Work to be completed:
Reproduce every entry below precisely; do not include the pictures.

Material provided:

_ _ _

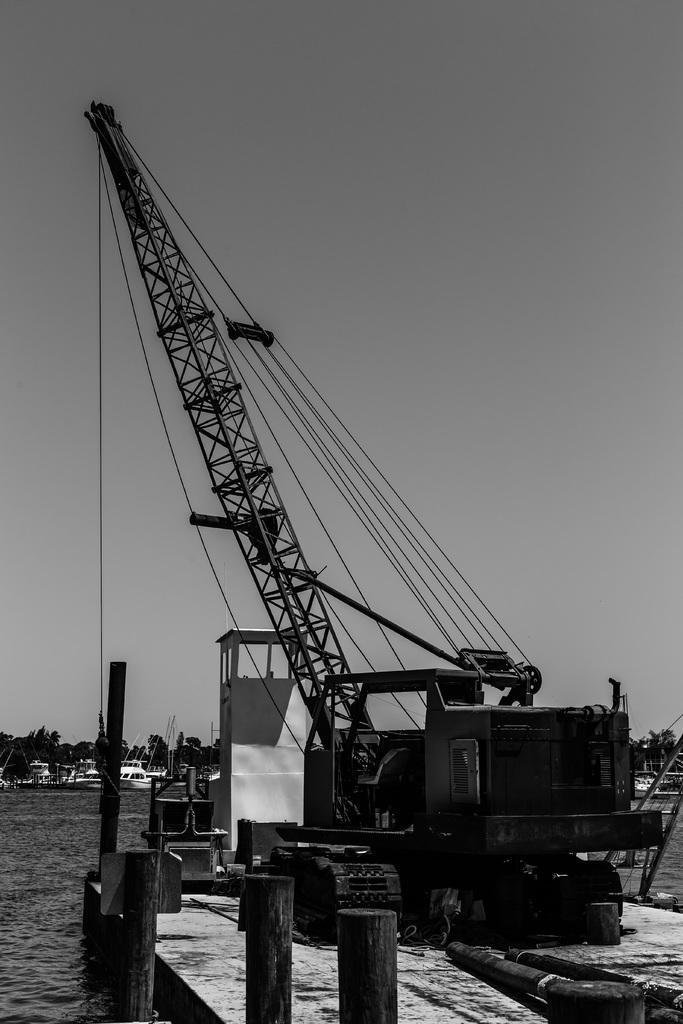Could you give a brief overview of what you see in this image? In this picture I can observe mobile crane. In the bottom of the picture there are wooden poles. I can observe a river in front of the crane. In the background there are trees and sky. 
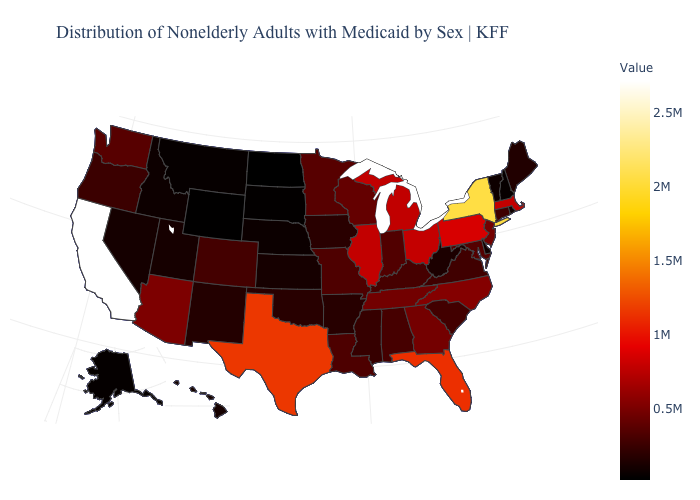Is the legend a continuous bar?
Keep it brief. Yes. Among the states that border West Virginia , which have the lowest value?
Concise answer only. Virginia. Which states have the lowest value in the West?
Short answer required. Wyoming. Among the states that border Georgia , does Tennessee have the highest value?
Short answer required. No. Does Vermont have a higher value than New York?
Be succinct. No. Does California have a higher value than Colorado?
Be succinct. Yes. 
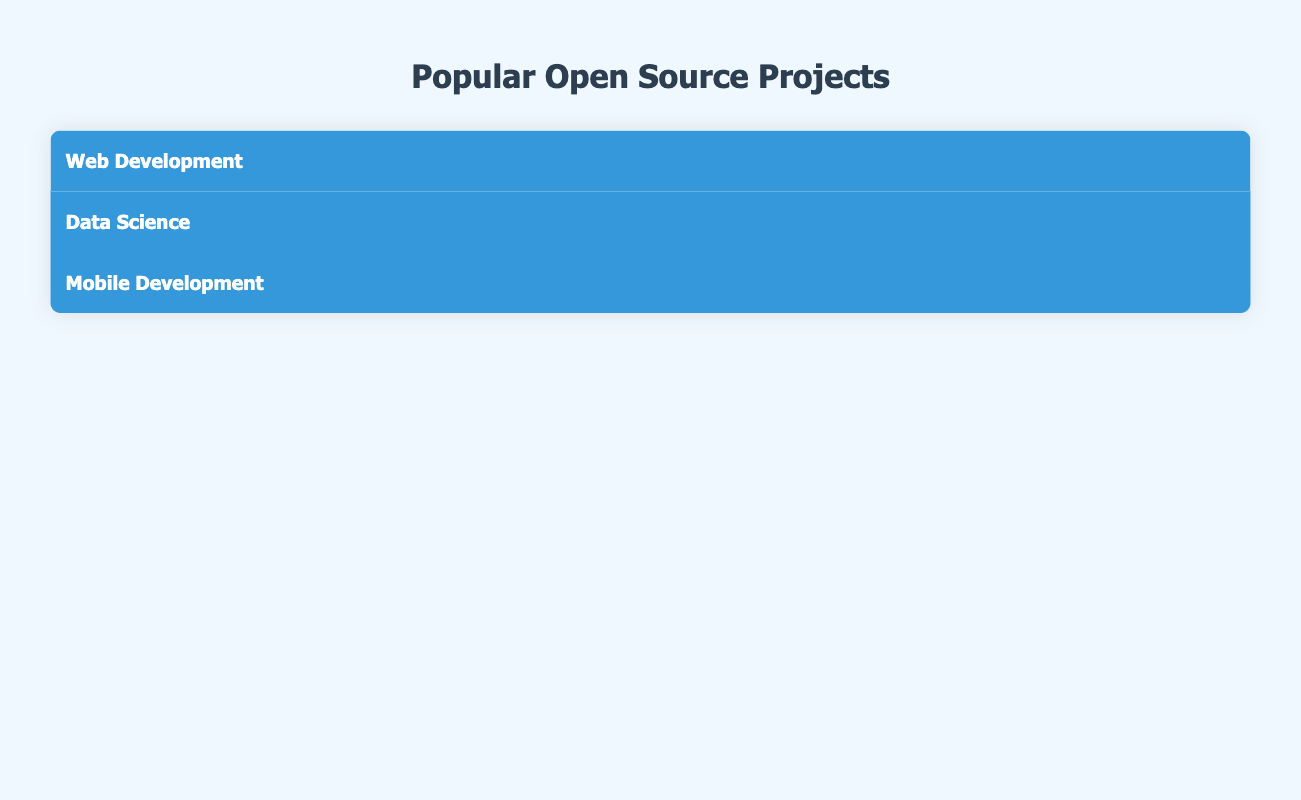What is the highest number of stars among the JavaScript projects? The JavaScript projects listed are React with 202,000 stars and Vue.js with 206,000 stars. Comparing these two, Vue.js has the highest number of stars.
Answer: 206000 How many Python projects are listed under Web Development? There are two Python projects listed under Web Development: Django and Flask.
Answer: 2 Is Alamofire the only Swift project mentioned? Alamofire is the only project mentioned under Swift without any other projects listed alongside it. Thus, the statement is true.
Answer: Yes What is the average number of stars for the Data Science projects listed? The Data Science projects and their stars are Pandas with 35,300 stars, Scikit-learn with 57,200 stars, and ggplot2 with 55,800 stars. The average is calculated as (35300 + 57200 + 55800) / 3 = 49400.
Answer: 49400 Which category has the most projects listed? By counting, Web Development has four projects, Data Science has three, and Mobile Development has two. Therefore, Web Development has the most projects listed.
Answer: Web Development What is the combined number of stars for all Python projects listed? The Python projects listed are Django with 95,600 stars and Flask with 61,700 stars. Summing these gives a total of 95,600 + 61,700 = 157,300 stars for the Python projects.
Answer: 157300 Does any Kotlin project have more than 30,000 stars? The only Kotlin project listed is Kotlin Coroutines, which has 20,100 stars, therefore it does not exceed 30,000 stars.
Answer: No Which project has the least number of stars in the table? The projects listed are Alamofire with 37,700 stars, Kotlin Coroutines with 20,100 stars, Pandas with 35,300 stars, Scikit-learn with 57,200 stars, Django with 95,600 stars, Flask with 61,700 stars, React with 202,000 stars, and Vue.js with 206,000 stars. The project with the least stars is Kotlin Coroutines.
Answer: Kotlin Coroutines 
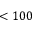<formula> <loc_0><loc_0><loc_500><loc_500>< 1 0 0</formula>

_ _ _

Output for this task:
Could you give a brief overview of what you see in this image? In this picture I can observe mobile crane. In the bottom of the picture there are wooden poles. I can observe a river in front of the crane. In the background there are trees and sky. 
Is the legend a continuous bar?
Keep it brief. Yes. Among the states that border West Virginia , which have the lowest value?
Concise answer only. Virginia. Which states have the lowest value in the West?
Short answer required. Wyoming. Among the states that border Georgia , does Tennessee have the highest value?
Short answer required. No. Does Vermont have a higher value than New York?
Be succinct. No. Does California have a higher value than Colorado?
Be succinct. Yes. 
What is the highest number of stars among the JavaScript projects? The JavaScript projects listed are React with 202,000 stars and Vue.js with 206,000 stars. Comparing these two, Vue.js has the highest number of stars.
Answer: 206000 How many Python projects are listed under Web Development? There are two Python projects listed under Web Development: Django and Flask.
Answer: 2 Is Alamofire the only Swift project mentioned? Alamofire is the only project mentioned under Swift without any other projects listed alongside it. Thus, the statement is true.
Answer: Yes What is the average number of stars for the Data Science projects listed? The Data Science projects and their stars are Pandas with 35,300 stars, Scikit-learn with 57,200 stars, and ggplot2 with 55,800 stars. The average is calculated as (35300 + 57200 + 55800) / 3 = 49400.
Answer: 49400 Which category has the most projects listed? By counting, Web Development has four projects, Data Science has three, and Mobile Development has two. Therefore, Web Development has the most projects listed.
Answer: Web Development What is the combined number of stars for all Python projects listed? The Python projects listed are Django with 95,600 stars and Flask with 61,700 stars. Summing these gives a total of 95,600 + 61,700 = 157,300 stars for the Python projects.
Answer: 157300 Does any Kotlin project have more than 30,000 stars? The only Kotlin project listed is Kotlin Coroutines, which has 20,100 stars, therefore it does not exceed 30,000 stars.
Answer: No Which project has the least number of stars in the table? The projects listed are Alamofire with 37,700 stars, Kotlin Coroutines with 20,100 stars, Pandas with 35,300 stars, Scikit-learn with 57,200 stars, Django with 95,600 stars, Flask with 61,700 stars, React with 202,000 stars, and Vue.js with 206,000 stars. The project with the least stars is Kotlin Coroutines.
Answer: Kotlin Coroutines 
<formula> <loc_0><loc_0><loc_500><loc_500>< 1 0 0</formula>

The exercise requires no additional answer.